Then you’re going to draw larger circles around that small circle and in each of those circles, you’re going to place people who are closest to that person in the center in the nearest circle to them, to those who are merely acquaintances on the outside circle, all based on how close they are to the actual center crisis circle. So, spouses, children, parents might be in the smaller circles, friends might be in the medium-sized circles, and so on. Ok, now here’s where it gets interesting. And instead of trying to paraphrase this I’m just going to read to you from Dr. Silk’s own words.

“Here are the rules. The person in the center ring can say anything she wants, to anyone, anywhere. She can…complain and whine and moan and curse the heavens and say, “Life is unfair” and “Why me?” That’s the one payoff for being in the center ring. Everyone else can say those things too, but only to people in larger rings. When you are talking to a person in a ring smaller than yours, someone closer to the center of the crisis, the goal is to help. Listening is often more helpful than talking. But if you’re going to open your mouth, ask yourself if what you are about to say is likely to provide comfort and support. If it isn’t, don’t say it.

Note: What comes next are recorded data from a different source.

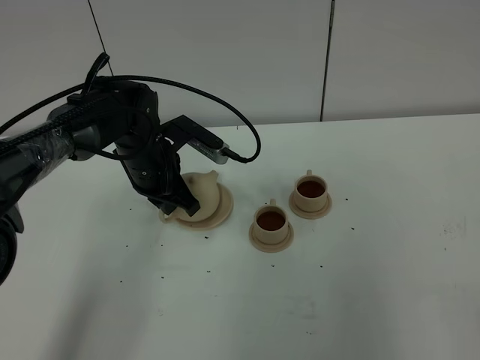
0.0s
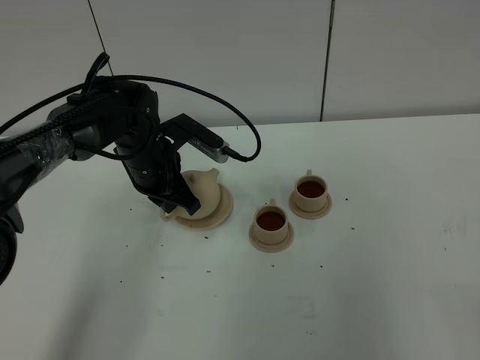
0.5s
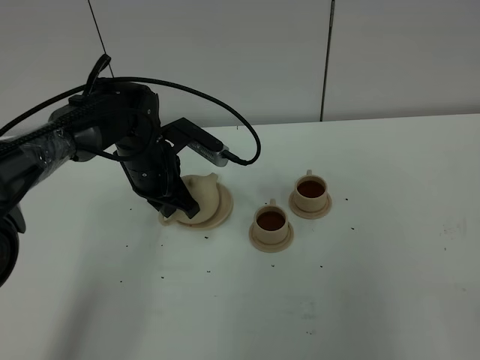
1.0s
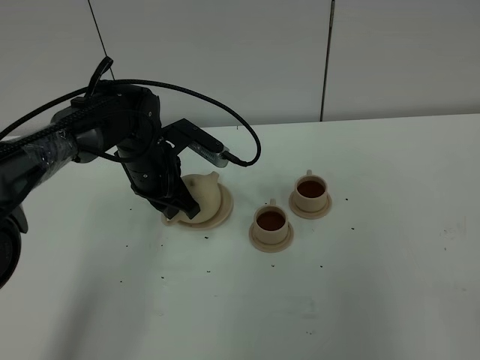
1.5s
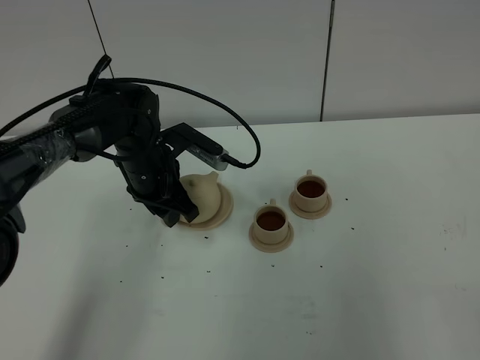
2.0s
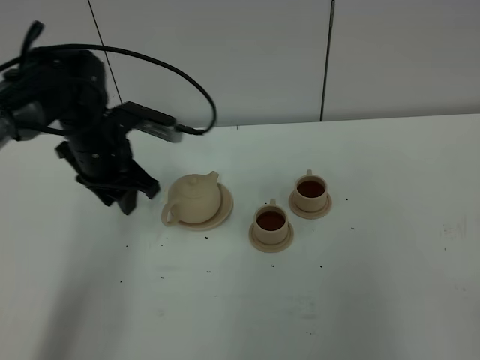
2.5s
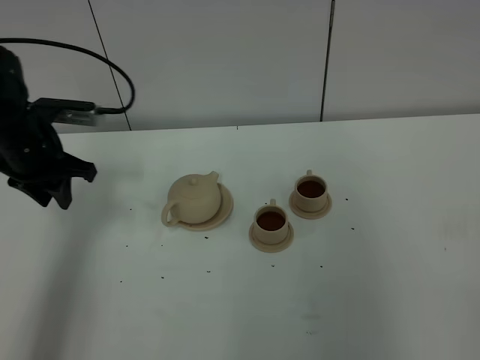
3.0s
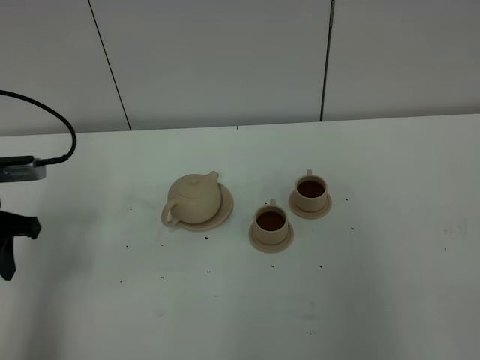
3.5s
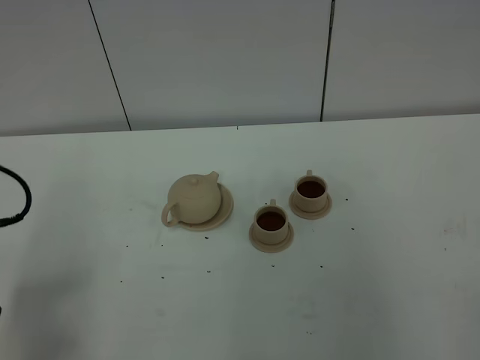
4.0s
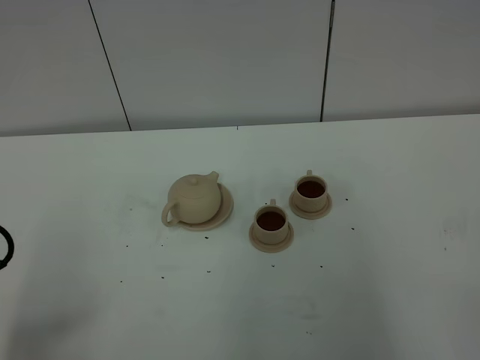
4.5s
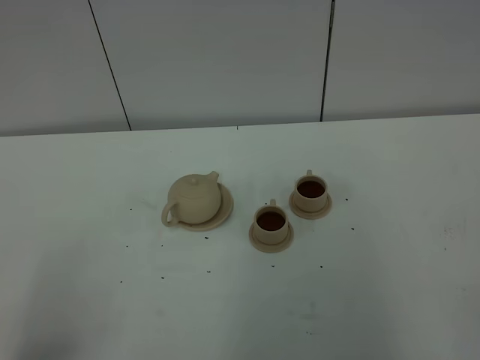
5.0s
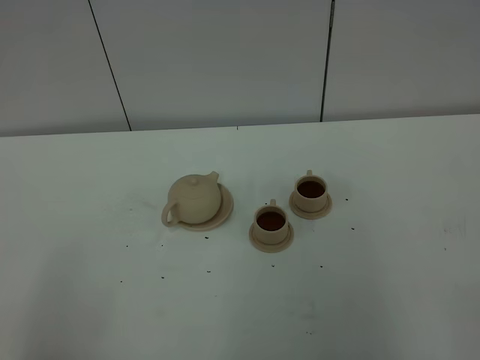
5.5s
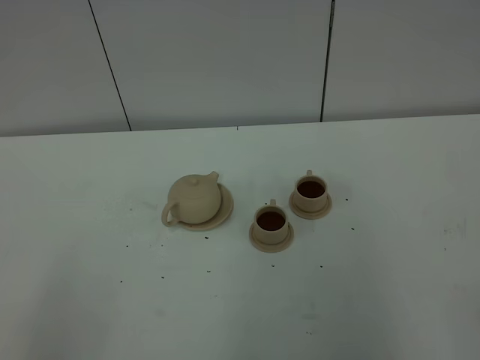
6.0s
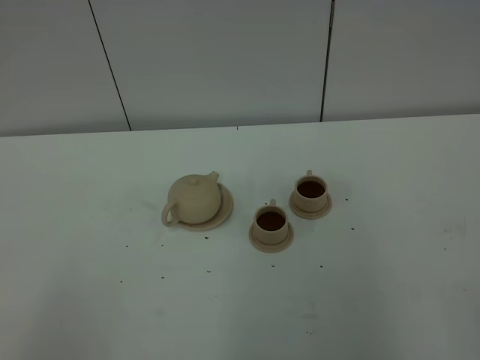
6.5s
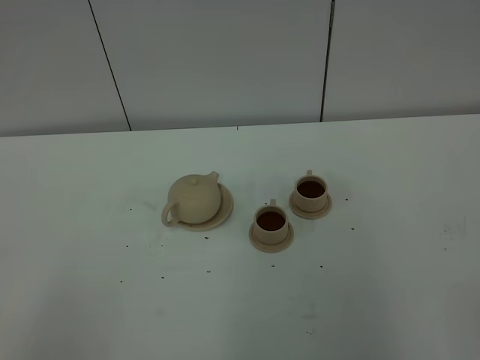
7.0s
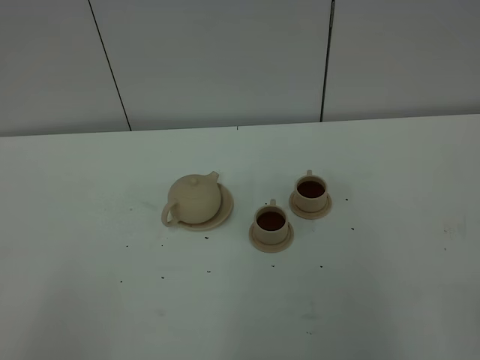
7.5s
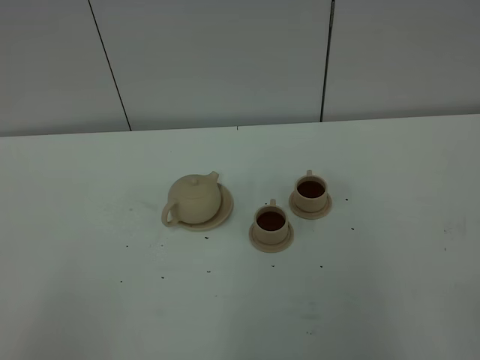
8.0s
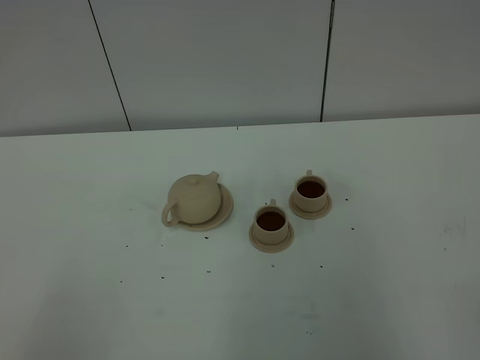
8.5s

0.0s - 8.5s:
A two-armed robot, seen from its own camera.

Don’t, for example, give advice. People who are suffering from trauma don’t need advice. They need comfort and support. So say, “I’m sorry” or “This must really be hard for you” or “Can I bring you a [meal]?” Don’t say, “You should hear what happened to me” or “Here’s what I would do if I were you.” And don’t say, “This is really bringing me down.” If you want to scream or cry or complain, if you want to tell someone how shocked you are or how icky you feel, or whine about how it reminds you of all the terrible things that have happened to you lately, that’s fine. It’s a perfectly normal response. Just do it to someone in a bigger ring. Comfort IN, dump OUT.”

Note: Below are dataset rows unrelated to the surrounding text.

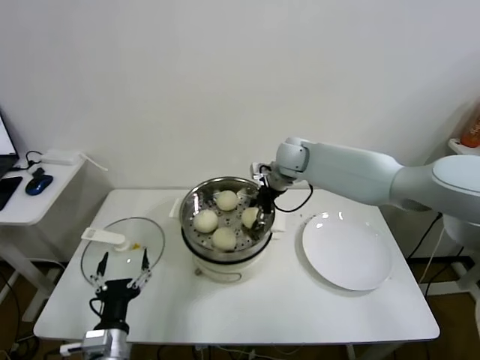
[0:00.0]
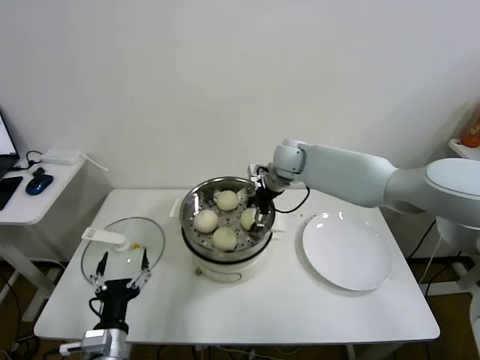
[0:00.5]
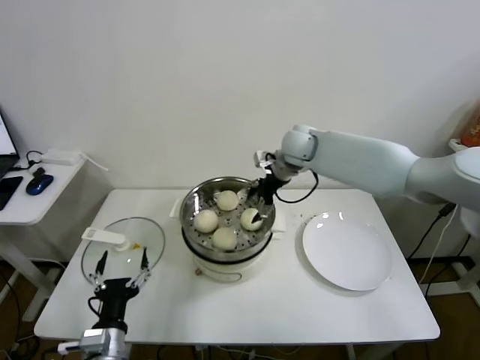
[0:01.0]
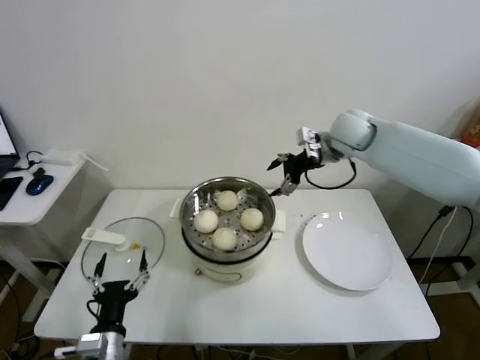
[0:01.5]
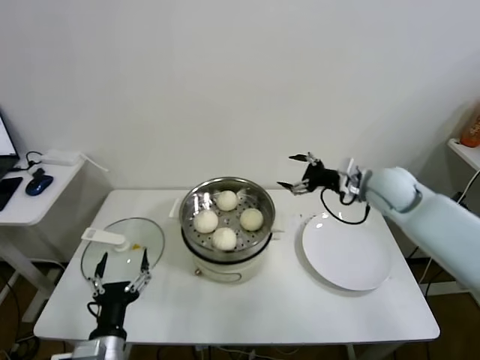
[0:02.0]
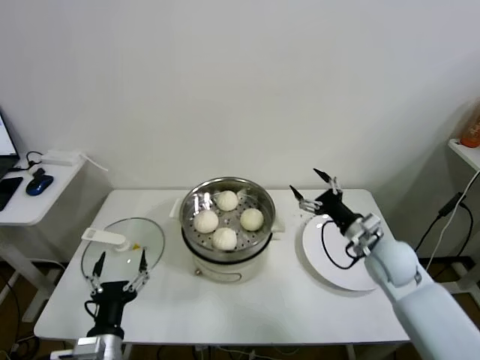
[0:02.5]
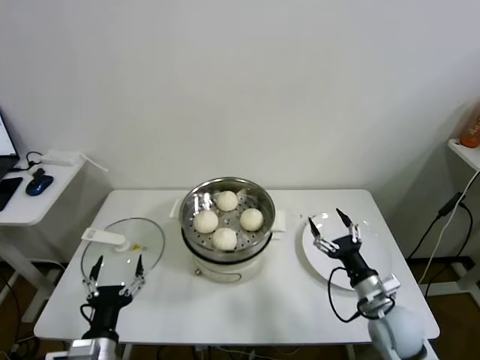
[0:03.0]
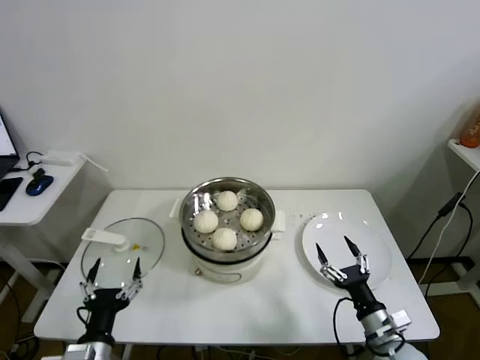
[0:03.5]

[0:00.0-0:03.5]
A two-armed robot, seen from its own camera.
Task of the whole recording: take steamed baozi put them in steamer.
0:00.0 to 0:02.0: The right gripper goes approximately 20 cm to the right and backward, and opens.
0:02.0 to 0:03.5: The right gripper heads backward and downward, covering about 35 cm.

Comfort in, dump out. Isaiah recognized that God’s people were in the center crisis circle and so he knew that his job now was to comfort, period. And so that’s what he did. This Ring Theory has played an important role in my own life, it has been invaluable to me, not just as a pastor but simply as a human being that crosses paths with lots of other human beings that are going through pain and suffering. I hope you find it helpful as well. I will link some interesting articles about it when I post this sermon online if you’d like to read more about it.

I can’t think of a higher calling than to bring comfort to those around us. And that’s one of the things I appreciate most about these old Bible stories, the ability they give us to give hope to others because we too have been through some tough times as well. May this season of Advent rekindle in us the desire to bring hope to a troubled world, with care and gentleness, gentle as a God holding lambs and hugging them. Thanks be to God. Amen.